My plans? Arriving this week is the completely kitted out MBP. 8TB / 64GB Ram. I don't have 800 track projects. My projects I try and keep to 80 tracks or so of midi just for my sanity. (Audio recordings can sometimes be over 100 depending on overdubs for orchestral instruments etc). I load in groups of tracks when needed (am on nuendo). I also do tonnes of DSP for immersive mixing on the computer, and have often come up against the CPU being maxed for this side of things than compositions.

Now while I'm reaching the capacity of the mac pro, I don't feel like it is unusable for most projects right now. I'm planning on trying the new laptop with all the projects and seeing what the relative performance is like. I won't bring the new laptop on its own on any trip (none overseas booked this year, but quite a few interstate) - but will bring a trashcan too. I can always do a VEP thing there if absolutely necessary, and I have enough workflow tricks to gain extra horsepower as needed.

Im most interested in likely smaller m-based mac pro like machines. Either something like the mbp OR an m2 based mini with more ram. We've deployed the M1 mini's now on a couple of installs, and they do a great job for audio server / immersive audio playback, but not for the making. Just not enough ram. Smaller mac pro's that are portable (giving 64GB+ ram) would be the dream for people like me (and I suspect, you) but who knows how small they'll go. Most of the industry will loose their shit if the case is too small for pcie cards etc. I personally do not want to go back to the days of being charged $800+ on excess luggage (which happened a number of times for a pre-2012 mac that accompanied me around the place for a while!)

Running on multiple machines is not something I'm aiming to do long term. For a while around 2011/2012, I ran a setup of 17" macbook pro plus 4 x 16GB mac mini's. At the time it was powerful enough - but completely replaced by the mac pro trashcan in 2013. The amount of time it took to setup the computers in a usable way, only for replacement software / setup changes / workflow changes meaning entire new installs etc was a source of frustration, and involved time I did not have right then.

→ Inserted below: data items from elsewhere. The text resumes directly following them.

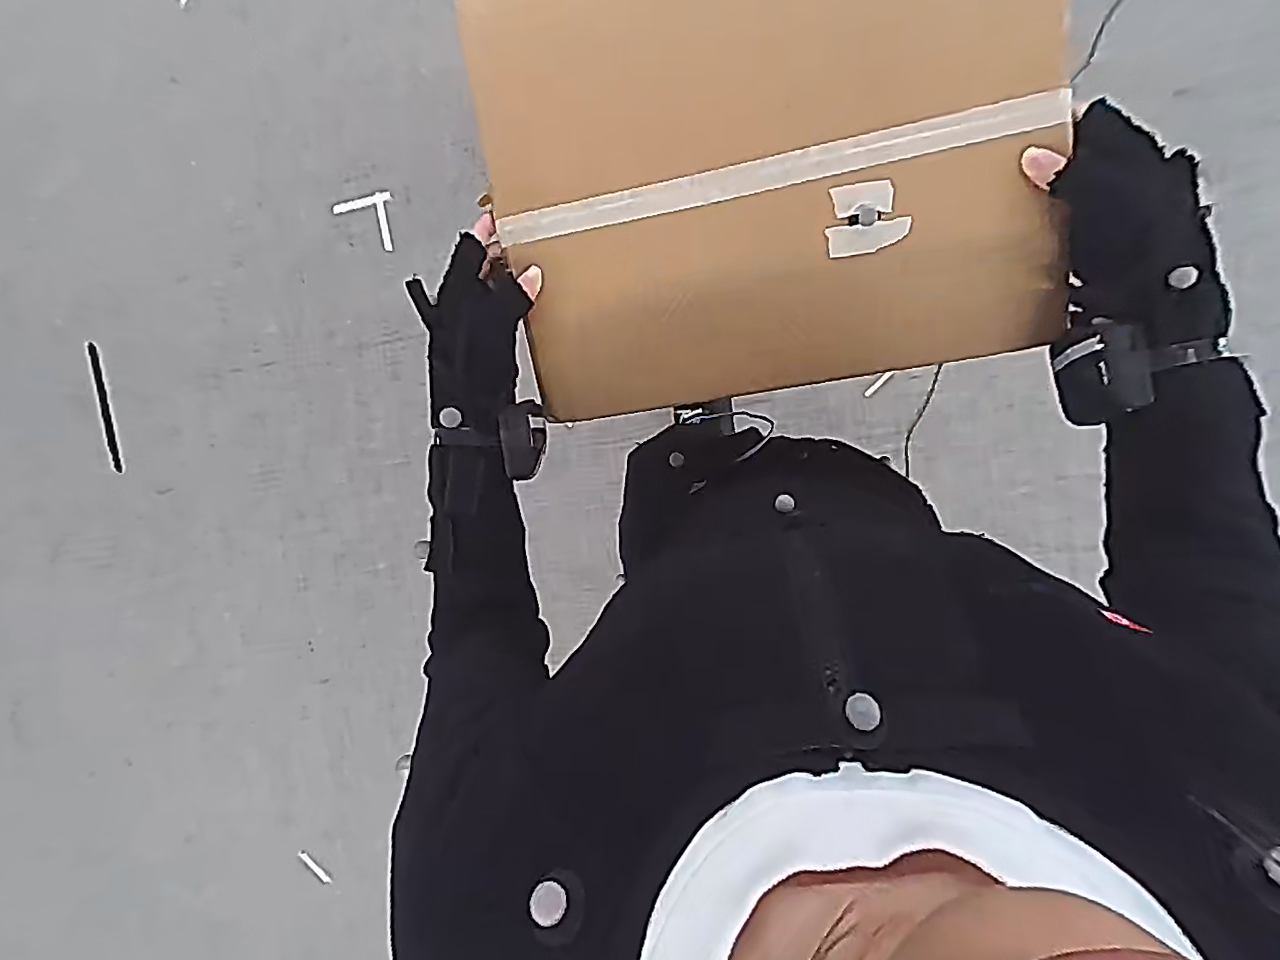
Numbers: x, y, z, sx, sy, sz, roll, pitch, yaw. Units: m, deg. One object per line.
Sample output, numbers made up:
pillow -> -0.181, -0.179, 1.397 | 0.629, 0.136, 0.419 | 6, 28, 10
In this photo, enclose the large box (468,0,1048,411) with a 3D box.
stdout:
large box -> 0.105, -0.273, 0.552 | 0.408, 0.320, 0.320 | -8, 105, 9
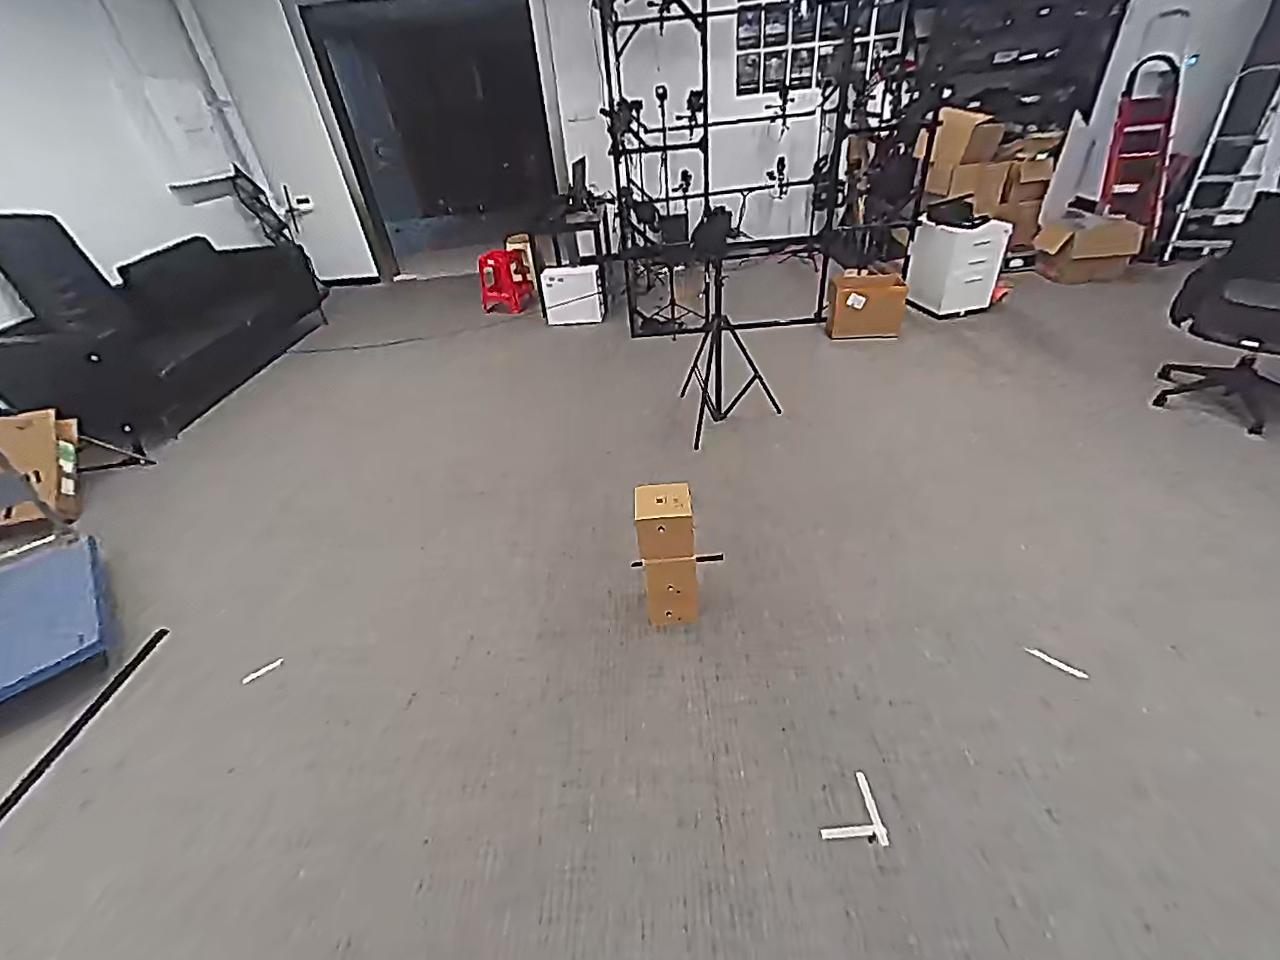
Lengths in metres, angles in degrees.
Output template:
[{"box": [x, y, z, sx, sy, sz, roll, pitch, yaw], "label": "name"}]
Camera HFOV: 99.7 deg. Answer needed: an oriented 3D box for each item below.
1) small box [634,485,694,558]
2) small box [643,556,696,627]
[{"box": [0.076, 0.134, 1.718, 0.179, 0.176, 0.168, -4, 37, 2], "label": "small box"}, {"box": [0.104, 0.394, 1.919, 0.168, 0.176, 0.179, -8, 36, -2], "label": "small box"}]

Oh - a little hint is that you can fit a dell 24" 4k monitor in a thing gaming case inside most mid/large size hard-shell suitcases. Their stands come off and can go anywhere in your pack. Super useful when you need to bring a screen. I also carry around an ASUS 1920x1080 USB C monitor for pics / extra screen real-estate on the road.

So - long story short - I get the feeling the new mac book pro's are going to simplify things a great deal for me if they are performant. A lot will depend on me making sure that I choose software wisely. I'm ok with doing that. I love the idea of not taking a tonne of drives with me everywhere. 8TB internal = a good amount to keep samples + current projects + OS. I have a spare 8TB thunderbolt SSD I can use as a backup as well (or potentially extra libs if they don't fit?! Backup you say??? It really needs you to bring 2 computers for time critical projects)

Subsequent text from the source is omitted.